- _INSTRUCTIONS FOR THE TASK_: Transcribe the records word for word, beginning with the first line and ending with the line that contains "rpy_deg=(roll, pitch, yaw))"; include nothing else.
===== DATA SUPPLIED =====
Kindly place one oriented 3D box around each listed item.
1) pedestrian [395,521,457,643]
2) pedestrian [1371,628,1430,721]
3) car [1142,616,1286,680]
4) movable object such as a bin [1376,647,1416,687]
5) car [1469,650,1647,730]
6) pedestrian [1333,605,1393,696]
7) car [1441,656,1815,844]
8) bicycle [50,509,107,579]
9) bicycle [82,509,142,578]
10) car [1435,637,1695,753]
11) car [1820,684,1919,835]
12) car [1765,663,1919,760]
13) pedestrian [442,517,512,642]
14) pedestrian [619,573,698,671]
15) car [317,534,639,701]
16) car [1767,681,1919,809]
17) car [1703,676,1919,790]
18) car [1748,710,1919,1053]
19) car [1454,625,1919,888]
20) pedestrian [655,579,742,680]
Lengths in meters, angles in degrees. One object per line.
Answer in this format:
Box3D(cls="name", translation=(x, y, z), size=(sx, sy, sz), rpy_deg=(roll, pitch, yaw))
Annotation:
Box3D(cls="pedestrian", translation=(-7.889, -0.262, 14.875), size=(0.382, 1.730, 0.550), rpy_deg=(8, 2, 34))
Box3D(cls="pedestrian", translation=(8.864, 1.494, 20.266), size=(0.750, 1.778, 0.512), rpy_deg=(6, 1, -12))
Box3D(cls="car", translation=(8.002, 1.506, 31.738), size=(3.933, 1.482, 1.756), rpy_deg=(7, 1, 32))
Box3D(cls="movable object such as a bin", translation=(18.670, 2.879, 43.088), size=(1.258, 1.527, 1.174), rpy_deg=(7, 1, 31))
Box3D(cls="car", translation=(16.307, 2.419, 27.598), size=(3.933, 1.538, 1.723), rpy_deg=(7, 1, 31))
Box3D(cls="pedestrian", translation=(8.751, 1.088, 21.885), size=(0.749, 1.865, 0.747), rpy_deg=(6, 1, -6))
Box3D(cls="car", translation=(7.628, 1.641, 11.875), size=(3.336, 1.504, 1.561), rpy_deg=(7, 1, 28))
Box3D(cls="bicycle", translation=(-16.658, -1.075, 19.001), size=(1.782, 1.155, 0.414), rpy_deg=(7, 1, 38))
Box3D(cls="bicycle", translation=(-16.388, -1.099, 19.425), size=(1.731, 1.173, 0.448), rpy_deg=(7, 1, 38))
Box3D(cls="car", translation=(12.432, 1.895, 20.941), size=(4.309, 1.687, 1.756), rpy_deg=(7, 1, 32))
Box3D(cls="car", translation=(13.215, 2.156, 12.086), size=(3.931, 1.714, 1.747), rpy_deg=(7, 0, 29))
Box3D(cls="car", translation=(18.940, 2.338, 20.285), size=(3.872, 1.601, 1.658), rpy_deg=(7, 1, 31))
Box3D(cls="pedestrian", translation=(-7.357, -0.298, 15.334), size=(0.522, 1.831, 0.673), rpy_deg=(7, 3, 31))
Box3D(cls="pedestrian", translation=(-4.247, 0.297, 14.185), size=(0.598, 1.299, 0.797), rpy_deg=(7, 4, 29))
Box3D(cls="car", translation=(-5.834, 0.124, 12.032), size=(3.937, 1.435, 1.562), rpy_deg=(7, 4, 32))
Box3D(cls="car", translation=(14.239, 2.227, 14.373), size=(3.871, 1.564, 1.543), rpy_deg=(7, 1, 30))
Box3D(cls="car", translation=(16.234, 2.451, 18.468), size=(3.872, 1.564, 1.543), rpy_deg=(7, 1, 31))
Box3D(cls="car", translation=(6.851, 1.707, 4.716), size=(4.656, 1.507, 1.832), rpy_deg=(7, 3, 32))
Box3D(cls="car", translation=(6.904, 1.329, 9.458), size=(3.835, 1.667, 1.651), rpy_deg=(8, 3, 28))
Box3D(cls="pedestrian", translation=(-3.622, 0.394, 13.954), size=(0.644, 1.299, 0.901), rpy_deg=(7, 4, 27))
=====
- _RESULT OF THIS TASK_:
Kindly place one oriented 3D box around each listed item.
1) pedestrian [395,521,457,643]
2) pedestrian [1371,628,1430,721]
3) car [1142,616,1286,680]
4) movable object such as a bin [1376,647,1416,687]
5) car [1469,650,1647,730]
6) pedestrian [1333,605,1393,696]
7) car [1441,656,1815,844]
8) bicycle [50,509,107,579]
9) bicycle [82,509,142,578]
10) car [1435,637,1695,753]
11) car [1820,684,1919,835]
12) car [1765,663,1919,760]
13) pedestrian [442,517,512,642]
14) pedestrian [619,573,698,671]
15) car [317,534,639,701]
16) car [1767,681,1919,809]
17) car [1703,676,1919,790]
18) car [1748,710,1919,1053]
19) car [1454,625,1919,888]
20) pedestrian [655,579,742,680]
Lengths in meters, angles in degrees. One object per line.
Answer in this format:
Box3D(cls="name", translation=(x, y, z), size=(sx, sy, sz), rpy_deg=(roll, pitch, yaw))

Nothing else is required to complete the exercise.